Est-ce que cette lecture vous a donné quand même des idées pour la mise en scène ?

"Ah, oui, énormément. Par contre c'est pratiquement la première fois que j'entends Philippe Girard lire le rôle qu'il jouera. Donc oui, ça m'a fait rêvé d'autant plus que je l'entendais en tchèque. Je ne comprenais évidemment pas tout, je pouvais me repérer par moments, mais j'ai beaucoup aimé ça. De toutes les façons j'aime beaucoup entendre du théâtre dans des langues que je ne comprends pas. Je ne m'ennuie pas du tout, c'est très très propice à ma rêverie. Bien sûr ça m'a fait beaucoup réfléchir à ce que nous ferons dans un an."


J'ai lu une interview avec vous dans laquelle vous vous montrez très critique vis-à-vis de la civilisation actuelle, vis-à-vis du monde dans lequel nous vivons. Pourquoi êtes-vous aussi critique et aussi dur avec ce monde ?

"Parce qu'il est ennuyeux, c'est un monde terriblement ennuyeux, ce monde qui a remplacé la prière où la révolution par du shopping est un monde terriblement ennuyeux. Ce n'est pas que je l'exècre parce qu'il serait particulièrement violant, après tout pendant le XXe siècle on a sans doute vécu des temps plus violents encore. C'est simplement que les destins sont fermés, c'est un monde dans lequel les hommes pensent qu'ils ne peuvent pas agir, dans lequel ils pensent qu'ils ne sont pas libres, donc ils s'ennuient. Le monde marchand, le monde mondialisé, et surtout un monde où l'on s'ennuie. Et il faut qu'on s'ennuie pour faire du shopping. Donc ce shopping provoque de l'ennui, et cet ennui provoque du shopping. Et ça c'est l'opium des peuples aujourd'hui."

Comment réussissez-vous à vivre dans ce monde ?

"Moi, je fais du théâtre, je suis dans un lieu dont je ne dis pas qu'il résiste, mais qui simplement continue. Qui a un héritage culturel, qui pose encore des questions. C'est un monde qui jouit, c'est un monde qui pense. Au fond, ceux qui ont encore de l'énergie spirituelle, ils savent où trouver des compagnons pour continuer à vivre mais ils sont de moins en moins nombreux."

C'est donc le théâtre qui peut rendre notre monde plus vivant, plus vivable ?
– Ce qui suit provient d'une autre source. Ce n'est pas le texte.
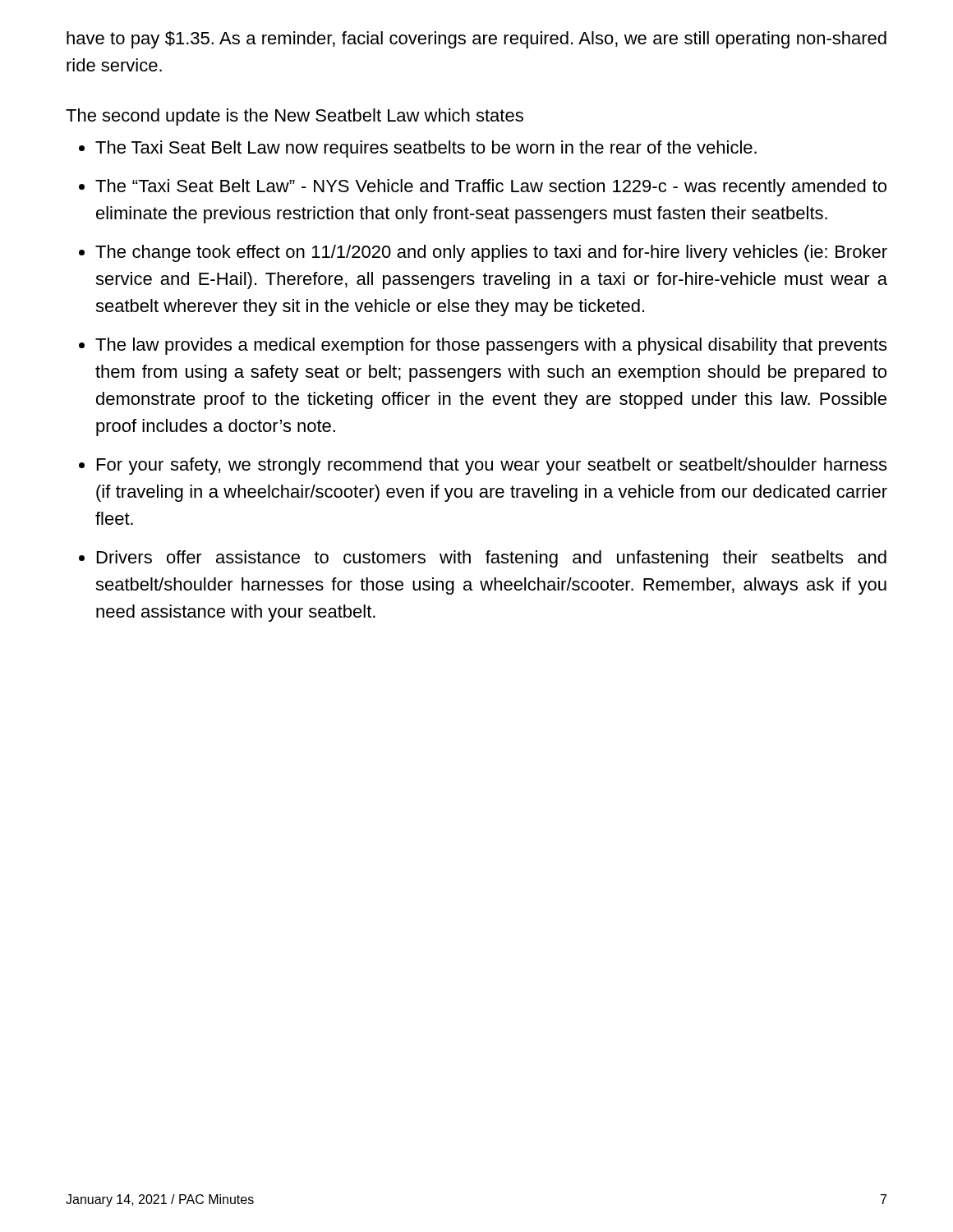Image resolution: width=953 pixels, height=1232 pixels.
Task: Navigate to the passage starting "The change took effect on 11/1/2020"
Action: (491, 279)

"Je ne suis pas certain que le théâtre puisse faire grand chose pour le monde. Pour le monde il fait du théâtre, c'est bien suffisant, et il le fait forcément pour une minorité, pas pour la majorité, c'est ainsi, la majorité, elle est devant la télévision. Mais il le fait, bien sûr, c'est l'aventure du poème, tant que le théâtre reste une aventure. Parce qu'il y a aussi un théâtre qui n'est pas une aventure spirituelle. Tant que cette chose est là, il y a des hommes qui ne s'ennuient pas, qui ne sont pas sans douleur, mais qui ne sont pas sans joie aussi."

Aujourd'hui vous êtes à Prague, une ville en pleine transformation qui cherche à ressembler à des modèles occidentaux. Quelle est votre impression de Prague ?

"Je trouve Prague moins mondialisée que d'autres capitales européennes. Je m'attendais à pire, pour tout vous dire. Peut-être parce que je n'ai pas connu Prague il y a dix, quinze ans, ni vingt, ni trente, donc je ne vois pas la différence. Mais cette ville a une telle richesse culturelle, une telle force, ne serait-ce que par son architecture ... Cette ville n'a pas été détruite par la Seconde Guerre mondiale, n'a pas été détruite par le communisme qui a fait des ravages en terme d'urbanisme, alors je pense qu'elle va aussi résister au grand capital, à la mondialisation, à McDonald. Oui, j'ai confiance."